::: Exercise data :::

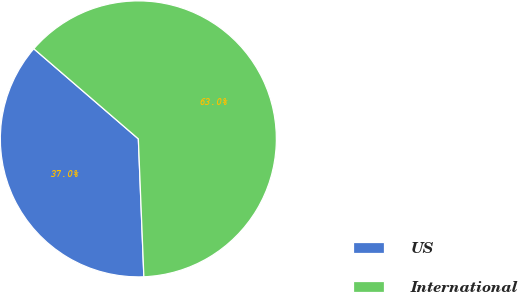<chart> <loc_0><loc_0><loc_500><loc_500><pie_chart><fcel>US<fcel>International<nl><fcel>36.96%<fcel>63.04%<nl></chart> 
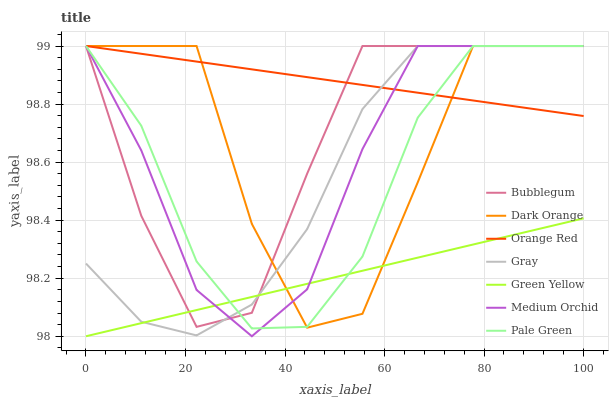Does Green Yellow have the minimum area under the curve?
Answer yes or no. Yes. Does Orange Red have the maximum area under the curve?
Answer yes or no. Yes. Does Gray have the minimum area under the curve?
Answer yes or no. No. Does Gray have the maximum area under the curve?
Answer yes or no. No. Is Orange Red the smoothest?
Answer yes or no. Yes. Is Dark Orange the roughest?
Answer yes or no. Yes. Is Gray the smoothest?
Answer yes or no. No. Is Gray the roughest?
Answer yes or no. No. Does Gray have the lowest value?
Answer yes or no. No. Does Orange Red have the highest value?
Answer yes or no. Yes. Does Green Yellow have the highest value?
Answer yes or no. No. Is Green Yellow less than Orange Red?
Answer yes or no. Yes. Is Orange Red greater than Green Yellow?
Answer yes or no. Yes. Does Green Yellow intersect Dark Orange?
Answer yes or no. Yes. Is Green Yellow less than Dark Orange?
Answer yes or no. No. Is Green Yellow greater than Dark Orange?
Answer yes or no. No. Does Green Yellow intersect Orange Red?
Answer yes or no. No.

:::

## Task directions
Copy out, word for word, only the lines from the one with "Answer yes or no. Yes. Does Green Yellow intersect" through the last line of the material above.

## Exercise response
Answer yes or no. Yes. Does Green Yellow intersect Dark Orange?
Answer yes or no. Yes. Is Green Yellow less than Dark Orange?
Answer yes or no. No. Is Green Yellow greater than Dark Orange?
Answer yes or no. No. Does Green Yellow intersect Orange Red?
Answer yes or no. No.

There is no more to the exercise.